The pertinent underlying facts are simple and undisputed. Henry currently resides in Tuscaloosa County, Alabama. In 2013, he pled guilty to one count of possession of child pornography, in violation of 18 U.S.C. § 2252A(a)(5)(B), in the United States District Court for the Northern District of Alabama. The district court sentenced him to 70 months of imprisonment followed by 60 months of supervised release. He was released from prison in June 2018 and registered as a sex offender. Henry later married and, on August 4, 2021, welcomed a son. His conviction alone prohibits him from “residing” or “conducting an overnight visit” with his son until his son reaches age 18. See ALA. CODE § 15-20A-11(d)(4).

V. DISCUSSION

Henry's facial challenge to § 15-20A-11(d)(4) under the Due Process Clause of the Fourteenth Amendment is dispositive. The Court concludes § 15-20A-11(d)(4) directly and unduly burdens the fundamental right to the “care, custody, and control” of a parent's own children and is not narrowly tailored to achieve the State's compelling interest in protecting the health and safety of minors, so the Court will enter a permanent injunction enjoining the State from enforcing § 15-20A-11(d)(4) in its current form to redress the unconstitutional statutory harm.

“[T]he distinction between facial and as-applied challenges is not so well defined that it has some automatic effect or that it must always control the pleadings and disposition in every case involving a constitutional challenge. The distinction is both instructive and necessary, for it goes to the breadth of the remedy employed by the Court, not what must be pleaded in a complaint.” Citizens United v. Fed. Election Com'n, 558 U.S. 310, 331 (2010). Whether a statute is unconstitutional on its face turns on “whether the statute fails the relevant constitutional test[.]” Club Madonna Inc. v. City of Miami Beach, 42 F.4th 1231, 1256 (11th Cir. 2022).

A. The Statute

ASORCNA is “the most comprehensive and debilitating sex-offender scheme in the nation[.]” McGuire v. Marshall, 512 F.Supp.3d 1189, 1198 (M.D. Ala. 2021). As applicable here, § 15-20A-11(d)(4) prohibits adult sex offenders convicted of a “sex offense involving a child” from conducting overnight visits or residing with any minor, including their own children. But it permits qualifying adult sex offenders four hours per day of unfettered, unsupervised access to a minor between the hours of 6:00 a.m. and 10:30 p.m. on two but not three consecutive days at a time, and not more than nine days total per month. See ALA. CODE § 15-20A-11(d)(4); id. § 15-20A-4(14); id. § 15-20A-4(20).

Two layers of exceptions to the statute's general rule generated this prohibition. First, “[n]o adult sex offender shall reside or conduct an overnight visit with a minor.” ALA. CODE § 15-20A-11(d). A minor is “[a] person who has not attained the age of 18.” Id. § 15-20A-4(13). But “if the adult sex offender is the parent . . . of the minor,” he may reside or conduct an “overnight visit” with the minor, id. § 15-20A-11(d), unless the adult sex offender has been convicted of “any sex offense involving a child,” id. § 15-20A-11(d)(4). A “sex offense involving a child” is “[a] conviction for any sex offense in which the victim was a child or any offense involving child pornography.” Id. § 15-20A-4(27). A child is “[a] person who has not attained the age of 12.” Id. § 15-20A-4(2). An “offense involving child pornography” means possessing or disseminating obscene matter containing a visual depiction of persons under the age of 17 and any other such violation as defined in the Alabama Child Pornography Act. Id. § 15-20A-5(14); ALA. CODE § 13A-12-190 et seq.

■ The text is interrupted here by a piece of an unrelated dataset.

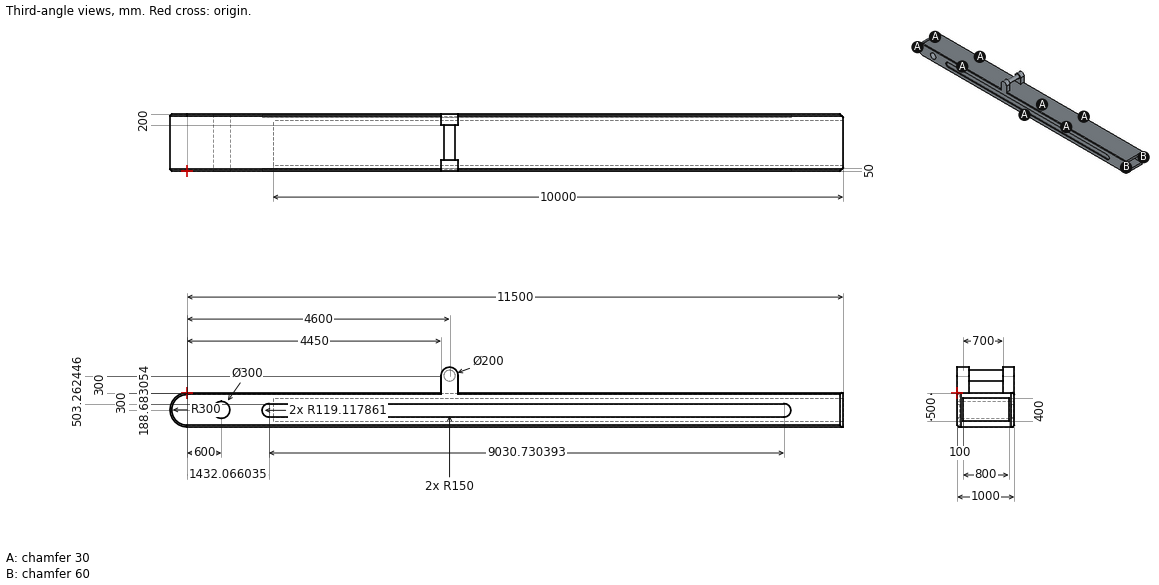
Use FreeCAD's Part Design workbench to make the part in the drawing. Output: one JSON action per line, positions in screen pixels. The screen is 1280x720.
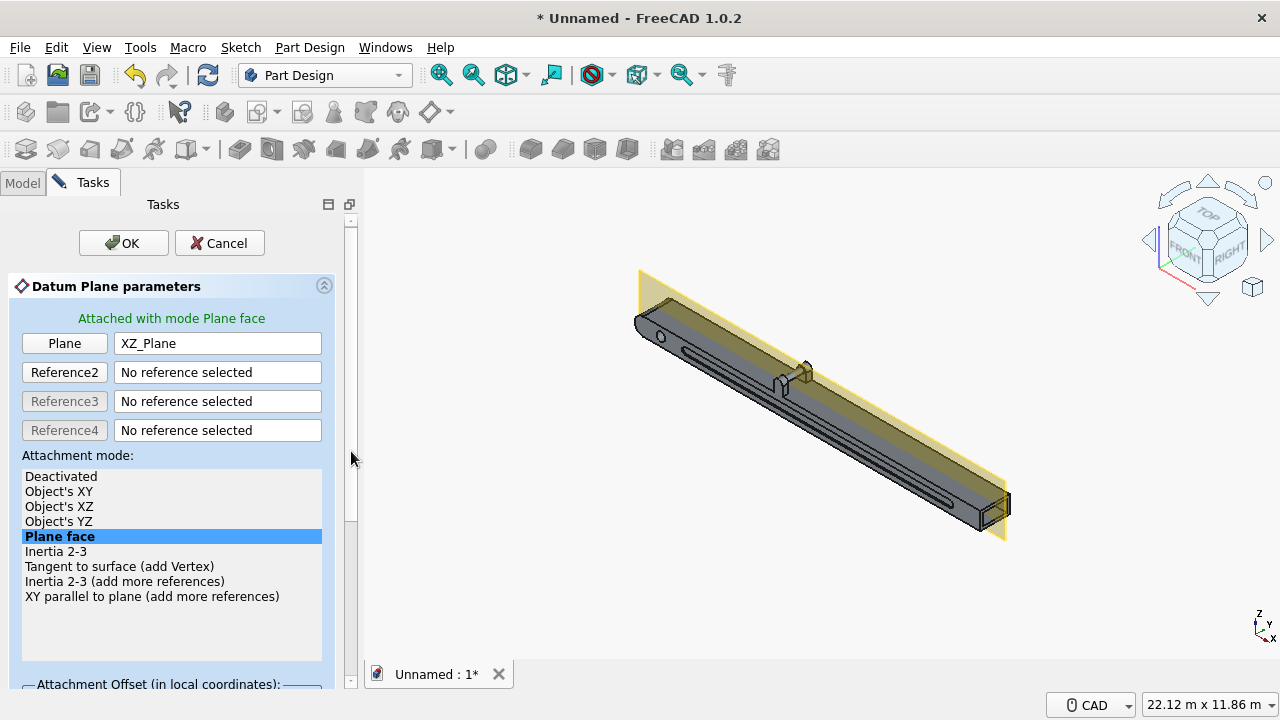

The statute includes four more exceptions to § 15-20A-11(d). An adult sex offender cannot reside or conduct overnight visits with their minor child, grandchild, stepchild, sibling, or stepsibling when (1) the adult sex offender's parental rights “have been or are in the process of being terminated as provided by law,” ALA. CODE § 15-20A-11(d)(1); (2) the adult sex offender has been convicted of any sex offense in which the victim was “any of the minor children, grandchildren, stepchildren, siblings, or stepsiblings of the adult sex offender,” id. § 15-20A-11(d)(2); (3) “[t]he adult sex offender has been convicted of any sex offense in which a minor was the victim and the minor resided or lived with the adult sex offender at the time of the offense,” id. § 15-20A-11(d)(3); and (4) “[t]he adult sex offender has been convicted of any sex offense involving forcible compulsion in which the victim was a minor,” id. § 15-20A-11(d)(5).

No one disputes that Henry's child pornography conviction qualifies as an “offense involving child pornography” within the meaning of § 15-20A-4(27).

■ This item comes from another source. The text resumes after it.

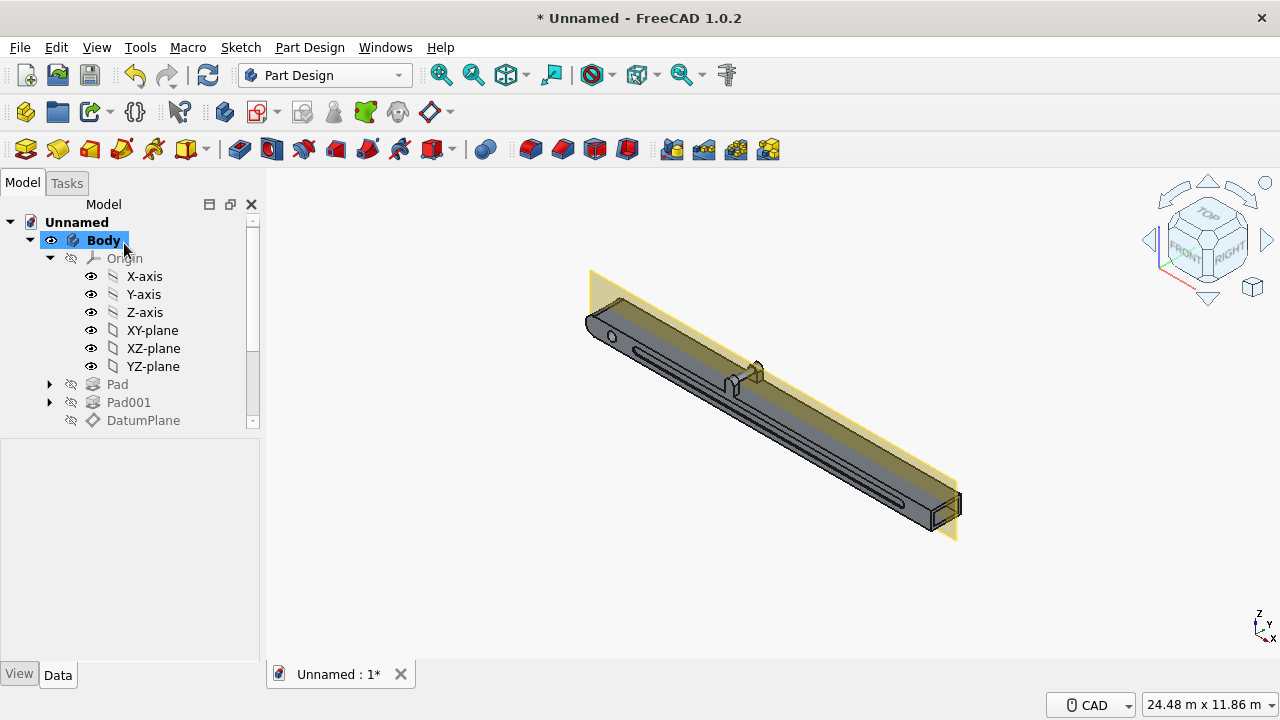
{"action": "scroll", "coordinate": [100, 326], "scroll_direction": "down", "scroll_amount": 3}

Read together then, when an adult sex offender is convicted of any sex offense against a victim who was under 12 years old, or of a child pornography offense depicting a victim under age 17, the offender is forever prohibited from residing with or conducting an overnight visit with any minor until the minor reaches age 18.

ASORCNA defines “overnight visit” as “[a]ny presence between the hours of 10:30 p.m. and 6:00 a.m.” ALA. CODE § 15-20A-4(14). “Reside” means being “habitually or systematically present at a place,” which “shall be determined by the totality of the circumstances, including the amount of time the person spends at the place and the nature of the person's conduct at the place.” Id. § 15-20A-4(20). “Reside” is further defined:

The term reside includes, but is not limited to, spending more than four hours a day at the place on three or more consecutive days; spending more than four hours a day at the place on 10 or more aggregate days during a calendar month; or spending any amount of time at the place coupled with statements or actions that indicate an intent to live at the place or to remain at the place for the periods specified in this sentence.
Id.

Section 15-20A-11(d)(4) therefore prohibits a qualifying parent from being present in the family home where his minor child resides in the following circumstances: (1) at any time between the hours of 10:30 p.m. and 6:00 a.m.; (2) for more than four hours a day on three consecutive days; (3) for more than four hours a day on ten or more days during a calendar month; and (4) in any other circumstance in which the parent is “habitually or systemically present” at the minor's home. Id.; ALA. CODE § 15-20A-4(14).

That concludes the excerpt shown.